Unbecoming Persons: The Rise and Demise of the Modern Moral Self
Unbecoming Persons: The Rise and Demise of the Modern Moral Self
by Ladelle McWhorter
University of Chicago Press, 2025 Cloth: 978-0-226-84358-2 | Paper: 978-0-226-84359-9 | eISBN: 978-0-226-84360-5 Library of Congress Classification BD450.M372 2025 Dewey Decimal Classification 128
ABOUT THIS BOOK | AUTHOR BIOGRAPHY | REVIEWS | TOC | REQUEST ACCESSIBLE FILE
ABOUT THIS BOOK
A damning genealogy of modern personhood and a bold vision for a new ethics rooted in belonging rather than individuality.

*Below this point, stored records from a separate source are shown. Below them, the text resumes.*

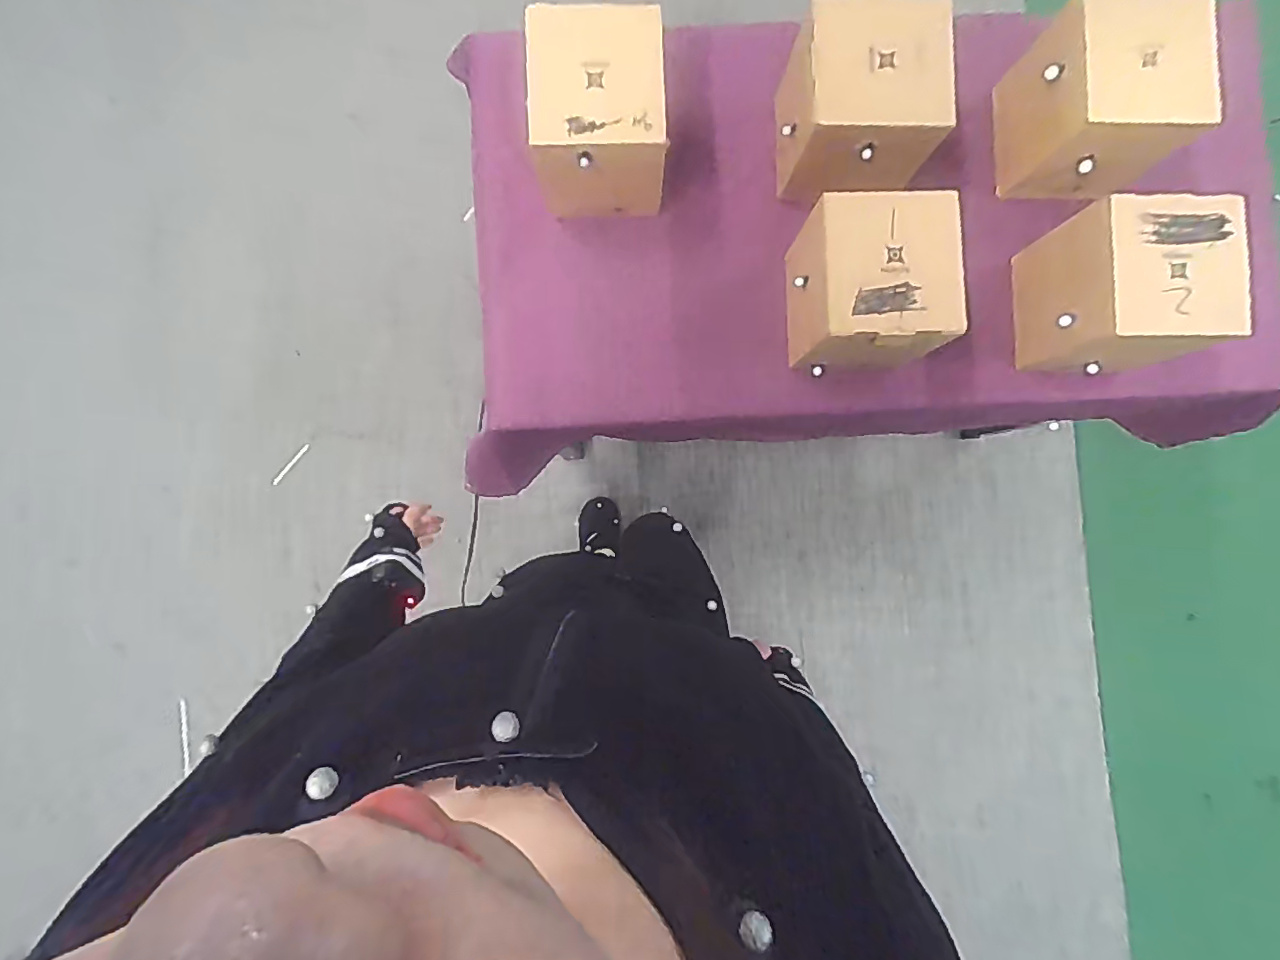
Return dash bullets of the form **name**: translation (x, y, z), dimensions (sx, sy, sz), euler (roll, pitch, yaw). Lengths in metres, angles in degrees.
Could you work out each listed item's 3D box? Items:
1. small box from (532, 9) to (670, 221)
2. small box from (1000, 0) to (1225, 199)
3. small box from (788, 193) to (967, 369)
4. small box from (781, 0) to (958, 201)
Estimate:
- **small box**: translation (-0.050, -0.477, 0.727), dimensions (0.168, 0.176, 0.179), euler (-2, 87, -1)
- **small box**: translation (0.623, -0.508, 0.734), dimensions (0.168, 0.176, 0.179), euler (0, 86, 0)
- **small box**: translation (0.301, -0.250, 0.718), dimensions (0.168, 0.176, 0.179), euler (-1, 86, -1)
- **small box**: translation (0.295, -0.499, 0.732), dimensions (0.179, 0.176, 0.168), euler (0, 88, -1)

In the face of ecological crisis, economic injustice, and political violence, the moral demands of being a good person are almost too much to bear. In Unbecoming Persons, Ladelle McWhorter argues that this strain is by design. Our ideas about personhood, she shows, emerged to sustain centuries of colonialism, slavery, and environmental destruction. We must look elsewhere to find our way out.

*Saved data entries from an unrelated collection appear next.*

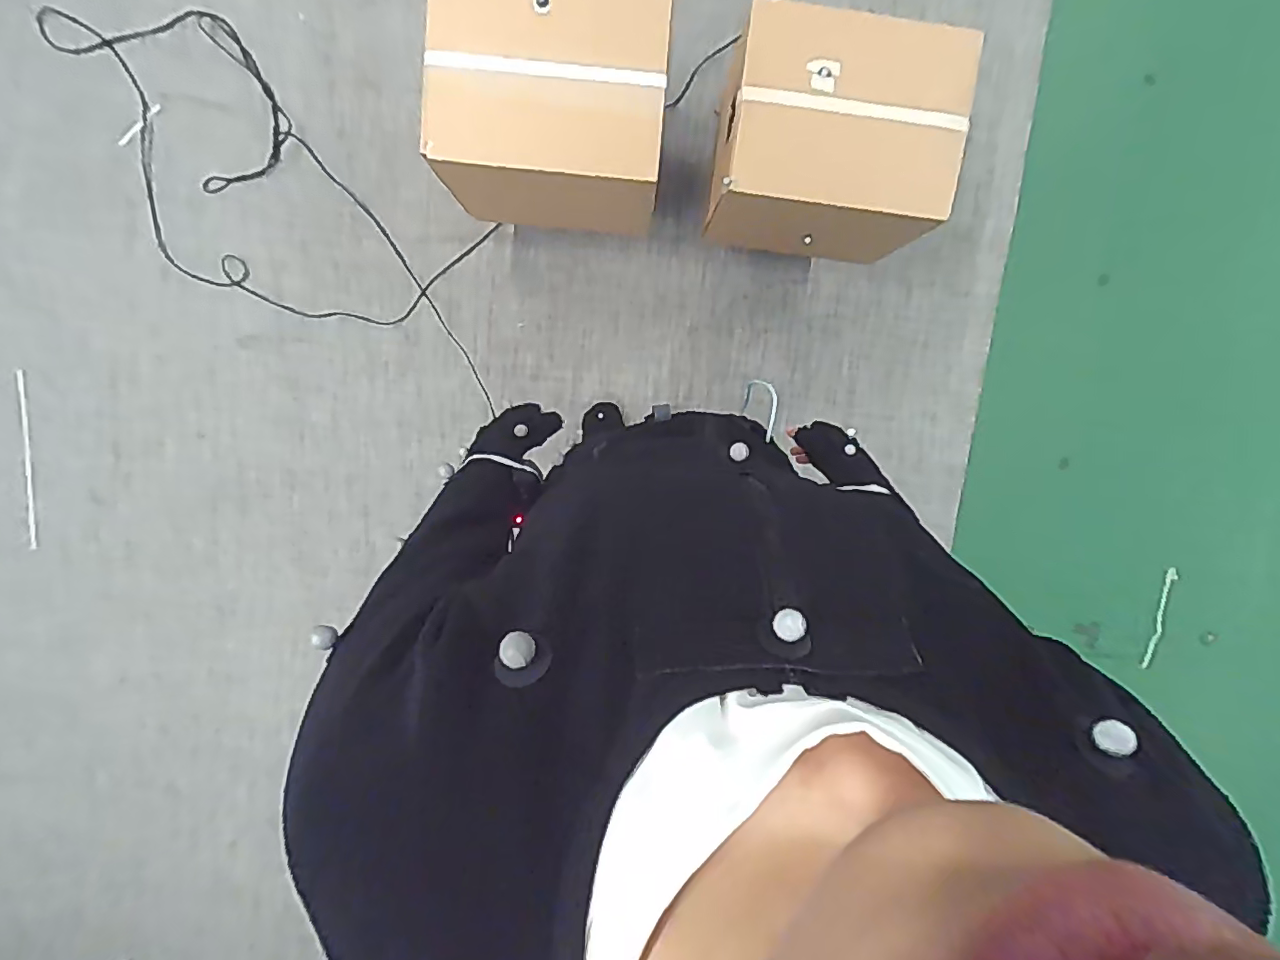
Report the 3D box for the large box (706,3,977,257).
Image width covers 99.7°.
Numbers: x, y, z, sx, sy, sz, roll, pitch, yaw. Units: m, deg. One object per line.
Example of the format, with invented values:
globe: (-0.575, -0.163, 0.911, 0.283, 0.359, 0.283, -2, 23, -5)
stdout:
large box: (0.370, -0.666, 1.097, 0.408, 0.320, 0.320, 7, 98, -2)

This history raises a hard question: Should we be persons at all, or might we live a good life without the constraints of individualism or the illusion of autonomy? In seeking an answer, McWhorter pushes back on the notion of our own personhood—our obsession with identity, self-improvement, and salvation—in search of a better way to live together in this world. Although she finds no easy answers, McWhorter ultimately proposes a new ethics that rejects both self-interest and self-sacrifice and embraces perpetual dependence, community, and the Earth
AUTHOR BIOGRAPHY
Ladelle McWhorter is the Stephanie Bennett-Smith Chair of Women, Gender, & Sexuality Studies, Emerita at the University of Richmond. Her books include Racism and Sexual Oppression in Anglo-America: A Genealogy.
REVIEWS
“With subtlety and acumen, McWhorter has written a powerful critique of the concept of personhood. Never content with a broadside, McWhorter offers a genealogical history of the concept, showing the important role it has played in isolating us from one another. In addition, she points the way to thinking about ourselves otherwise, creating routes to solidarity. Unbecoming Persons will change the way we think about who and where we are and how we got here.”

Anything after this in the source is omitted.